**TASK PROMPT**.
Beginning with the line that holds "Could you put", copy each line to the end of the records exactly, except the pictures.

**MATERIAL FOR THIS EXERCISE**.
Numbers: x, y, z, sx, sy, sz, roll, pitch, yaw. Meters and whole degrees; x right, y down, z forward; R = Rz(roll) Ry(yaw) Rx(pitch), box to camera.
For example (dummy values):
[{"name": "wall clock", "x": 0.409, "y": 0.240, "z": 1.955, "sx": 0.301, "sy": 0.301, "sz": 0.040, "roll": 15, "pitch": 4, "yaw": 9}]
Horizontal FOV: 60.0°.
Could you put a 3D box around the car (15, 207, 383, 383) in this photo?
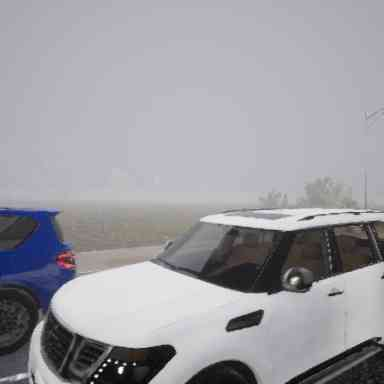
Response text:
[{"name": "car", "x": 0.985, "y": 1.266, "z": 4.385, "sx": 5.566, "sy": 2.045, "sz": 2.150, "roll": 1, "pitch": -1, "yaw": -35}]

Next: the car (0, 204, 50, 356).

**TASK SOLUTION**.
Could you put a 3D box around the car (15, 207, 383, 383) in this photo?
Response text:
[{"name": "car", "x": 0.985, "y": 1.266, "z": 4.385, "sx": 5.566, "sy": 2.045, "sz": 2.150, "roll": 1, "pitch": -1, "yaw": -35}]

Next: the car (0, 204, 50, 356).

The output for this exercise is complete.